### Task statement
Exactly as they appear, retype the lines from the one containing "The height and" through the final line of the data below. Leave pictures out.

**** Recorded data

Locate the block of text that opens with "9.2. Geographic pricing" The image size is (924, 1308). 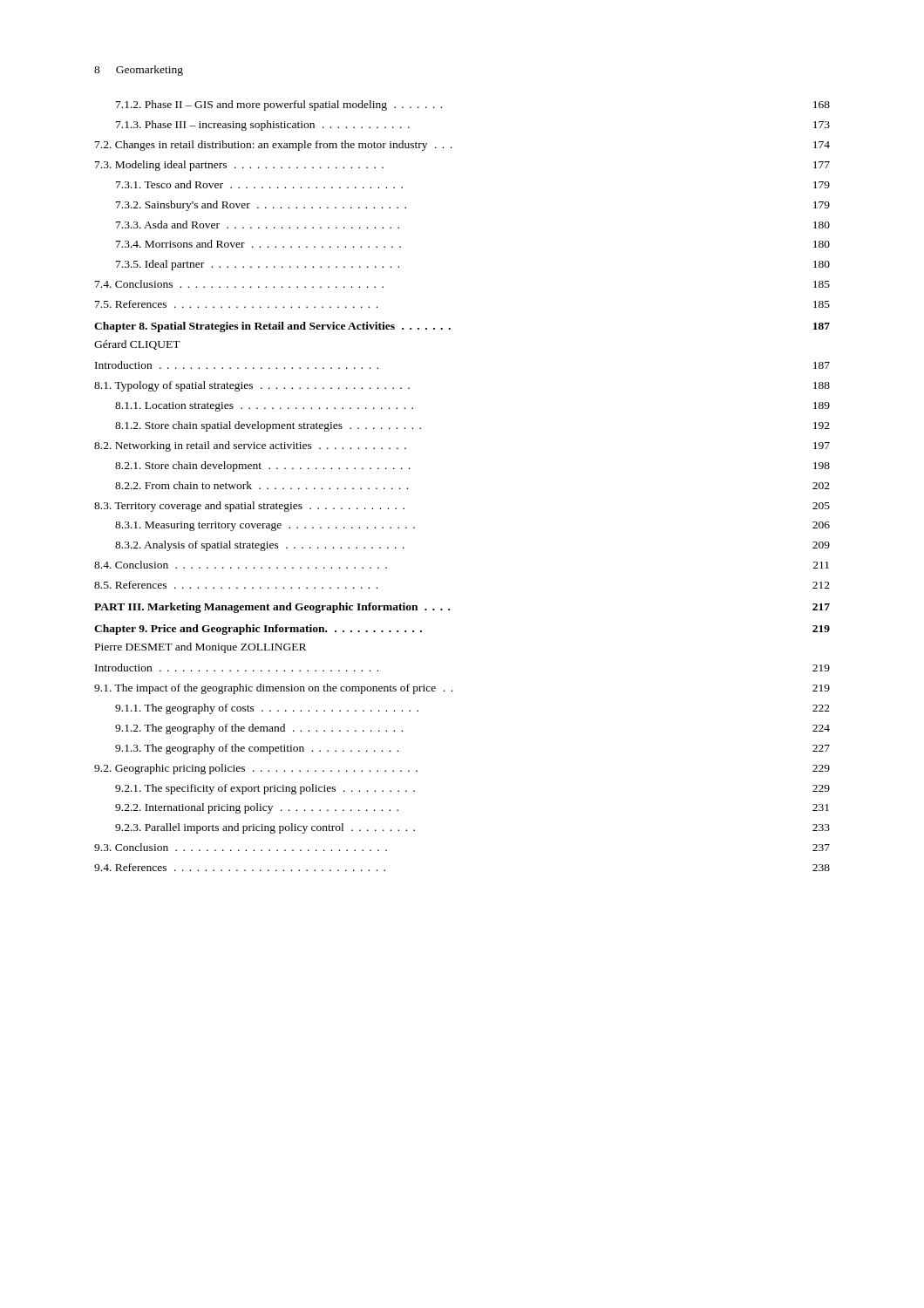pyautogui.click(x=166, y=769)
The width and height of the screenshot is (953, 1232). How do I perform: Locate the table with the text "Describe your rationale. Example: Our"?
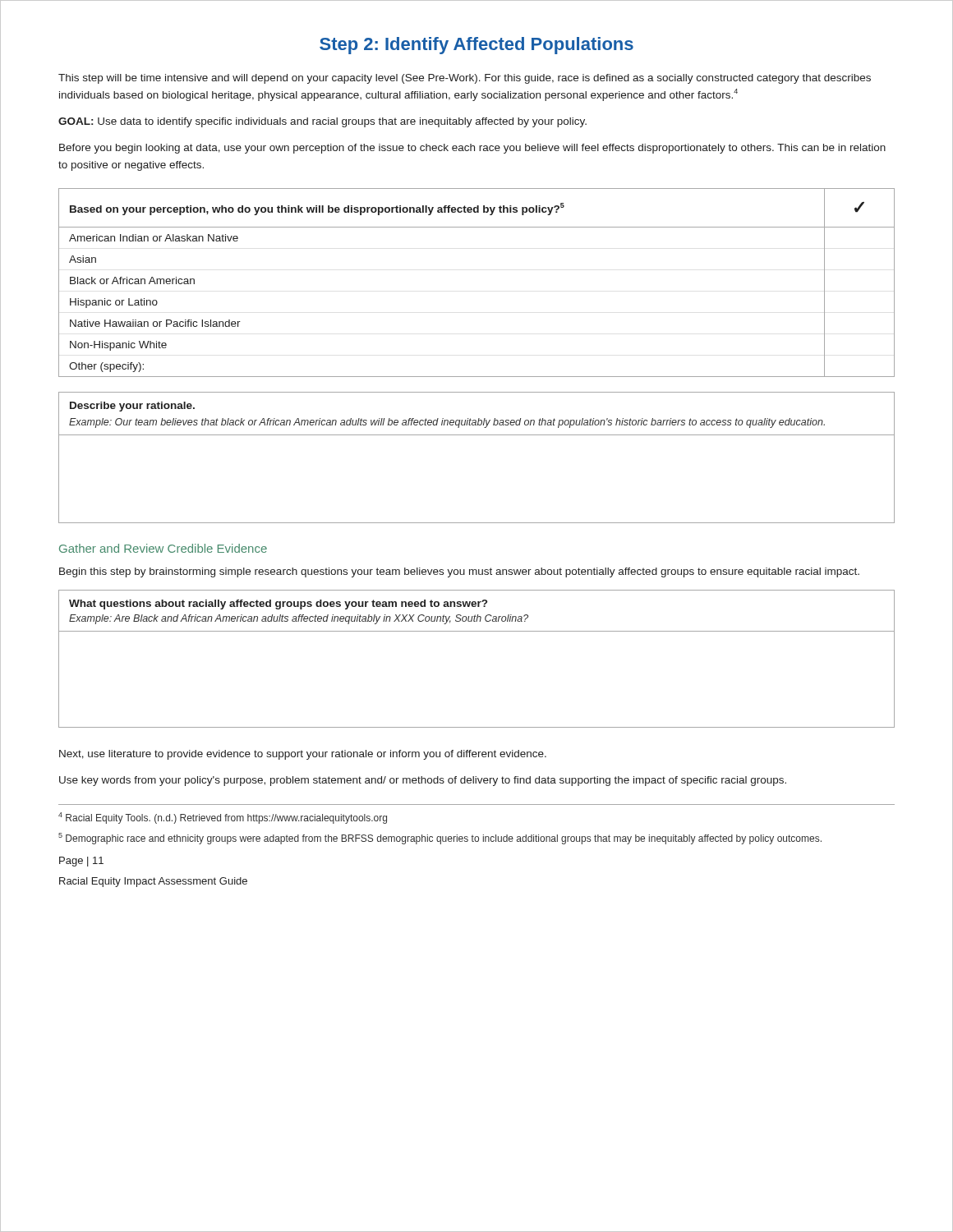pyautogui.click(x=476, y=457)
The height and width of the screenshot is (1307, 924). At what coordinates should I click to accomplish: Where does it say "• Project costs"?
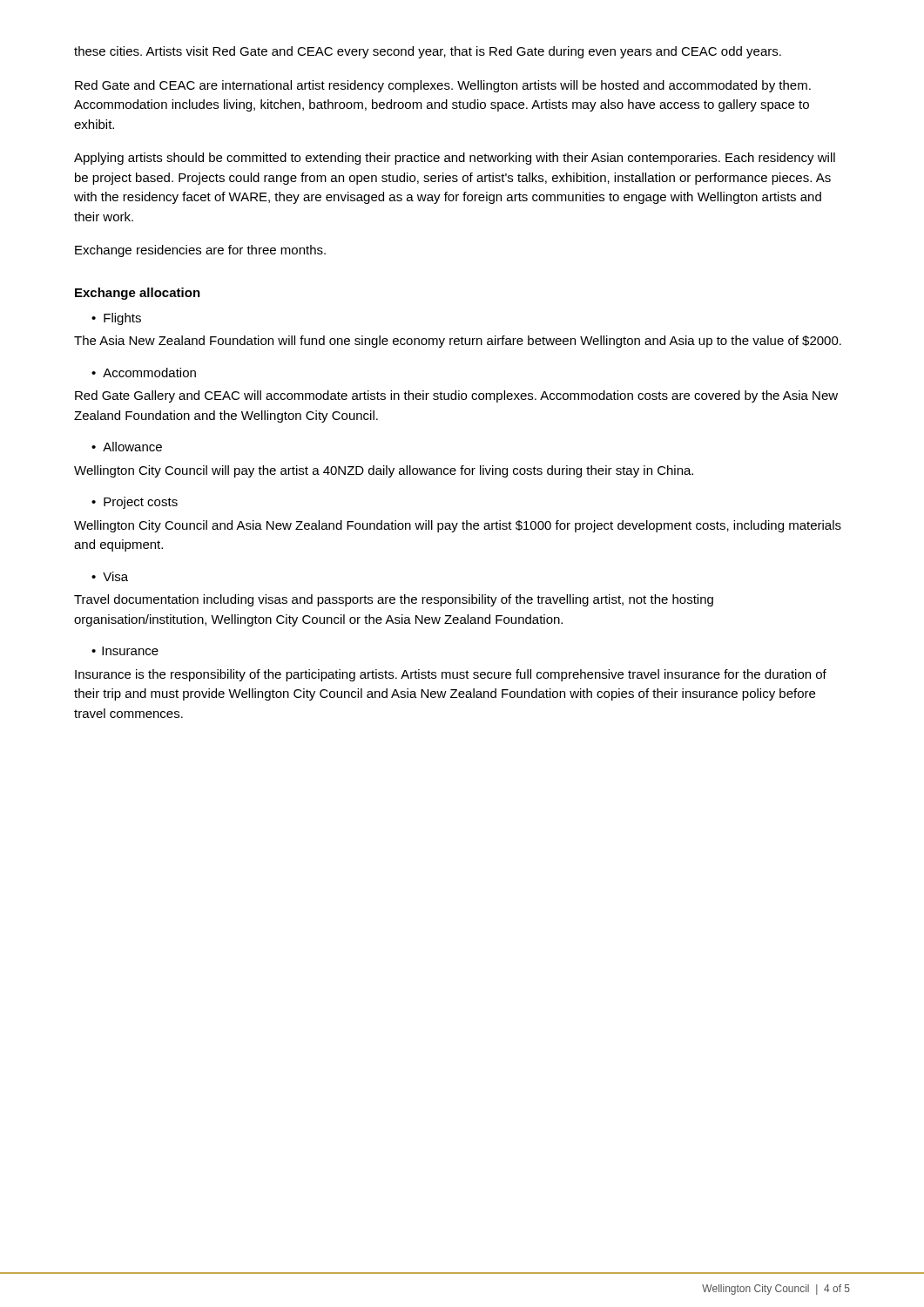click(x=135, y=502)
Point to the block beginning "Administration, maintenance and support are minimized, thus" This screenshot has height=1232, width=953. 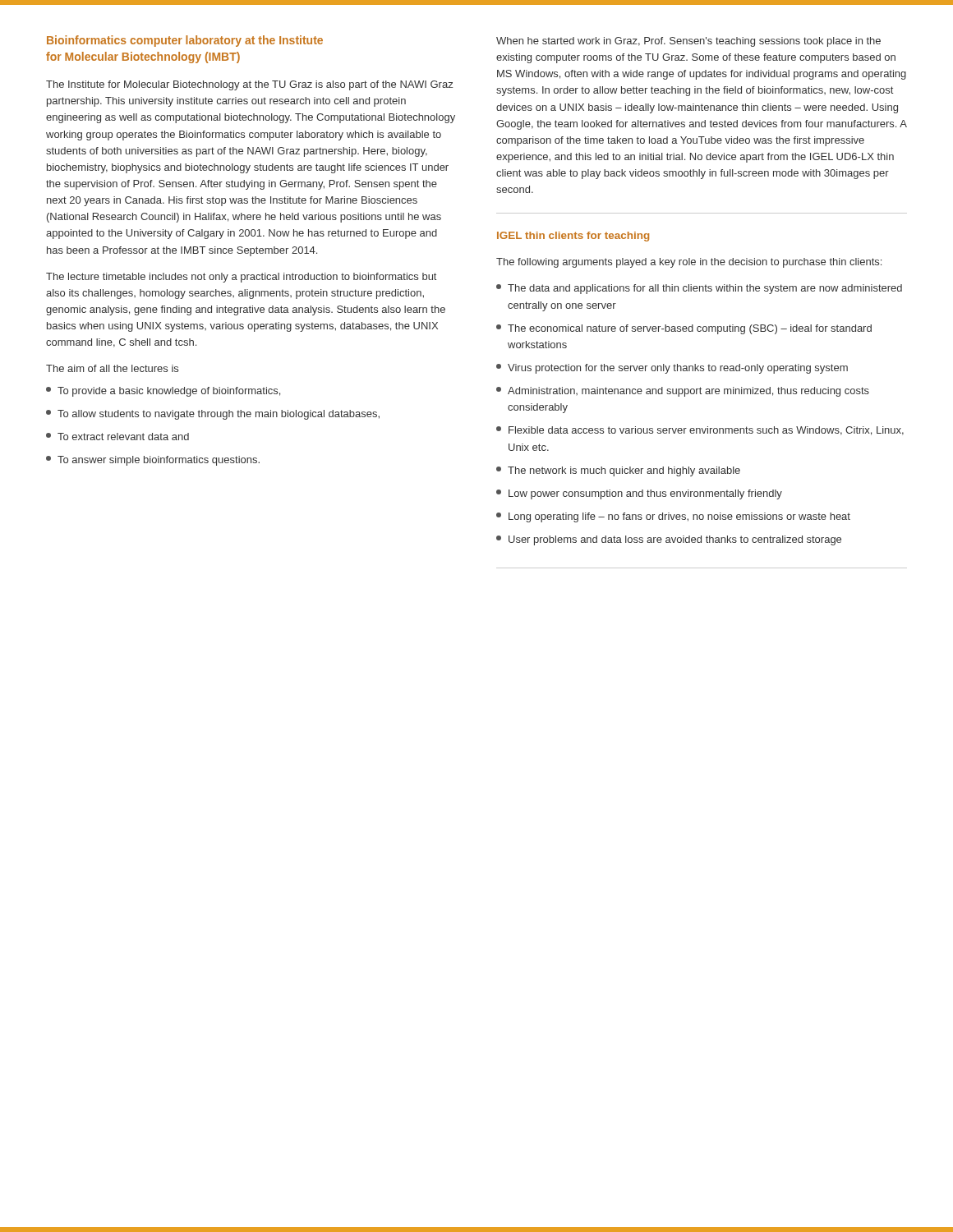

********

### Exercise answer
The height and width of the screenshot is (1307, 924). At what coordinates should I click to accomplish: Where does it say "• Project costs"?
click(x=135, y=502)
Point to the block beginning "Administration, maintenance and support are minimized, thus" This screenshot has height=1232, width=953. 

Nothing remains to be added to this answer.